Escapees tell of pipeline's slave labour

By William Barnes, South China Morning Post, 21 August 1997

Two Burmese villagers have been smuggled into Thailand to tell the world how forced labour on a controversial US-backed gas pipeline destroyed their lives.

Their evidence is part of a unique legal bid to prevent Western companies from denying responsibility for the actions of foreign partners.

One of the men said that "a foreigner" he exchanged greetings with while working on the pipeline must have known he was being forced to carry "huge, huge loads" for the Army.

American lawyers representing ethnic Karen, Mon and other Burmese villagers in the southern region are hoping that the pair, who cannot be identified, will help to persuade a Los Angeles judge that urgent action is needed.

The judge might then use a preliminary injunction to order the American partner in the project, Unocal Corporation, to suspend its participation before the full human rights case comes to court. The two witnesses said they were abducted from their homes to endure long weeks of forced toil for the brutal Burmese Army guarding the US$1.2 billion (HK$9.3 billion) project, designed to deliver vital hard currency to the military junta in Rangoon.

Both men rejected the claims of the French Total group and Unocal that the scheme benefits the region.

"The people in my village voted for democracy [in the 1990 general election]. They did not vote for portering and forced labour," said one of the men, who used to grow cashew nuts.

The other escapee, a Karen, was a rubber planter.

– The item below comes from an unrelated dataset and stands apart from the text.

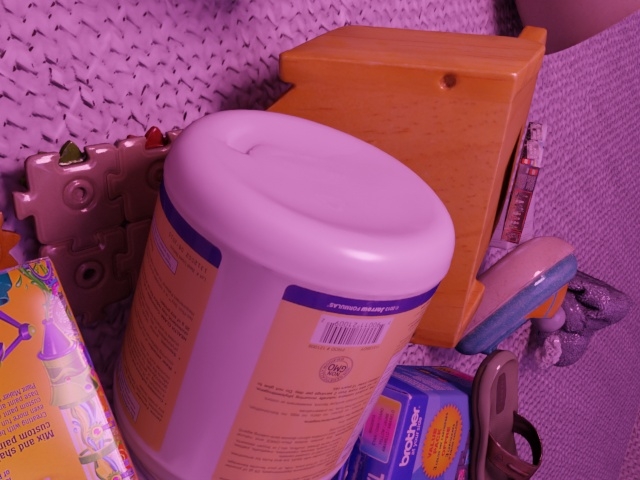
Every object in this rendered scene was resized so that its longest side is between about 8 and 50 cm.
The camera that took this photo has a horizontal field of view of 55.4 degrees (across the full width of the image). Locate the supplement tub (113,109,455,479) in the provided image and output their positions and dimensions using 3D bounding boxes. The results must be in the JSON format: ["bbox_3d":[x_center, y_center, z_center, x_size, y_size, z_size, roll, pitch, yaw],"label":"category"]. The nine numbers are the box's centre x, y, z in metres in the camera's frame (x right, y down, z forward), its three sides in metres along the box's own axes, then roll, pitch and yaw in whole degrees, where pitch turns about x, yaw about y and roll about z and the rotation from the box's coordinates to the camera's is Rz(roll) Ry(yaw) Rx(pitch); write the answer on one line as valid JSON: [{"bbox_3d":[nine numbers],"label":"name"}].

They are two of 15 plaintiffs who are suing Unocal, Total and two named Unocal executives for their links to gross human rights abuses - beatings, forced labour, murder and relocation - associated with the pipeline.

Their lawyers claimed a huge success in March when a Los Angeles court made legal history by declaring that private companies could he held responsible for the actions of their foreign partners - in this case Burma's military dictatorship.

Previously, only governments and officials could be held liable. The case has now gone into discovery, a process of information exchange between the two sides that could take years. So the plaintiffs are attempting to take out a preliminary injunction against Unocal. They hope to persuade a judge that the human rights abuses are so bad that the court must take action quickly rather than wait for the outcome of the full court case.

One of the plaintiffs is a baby who died after her mother refused to be driven out of her house on the pipeline route. Burmese soldiers attacked the baby who died of her injuries two months later. Her parents are suing on her behalf.

Unocal and Total vigorously deny any involvement in human rights abuses, claiming that economic development can only benefit the Burmese.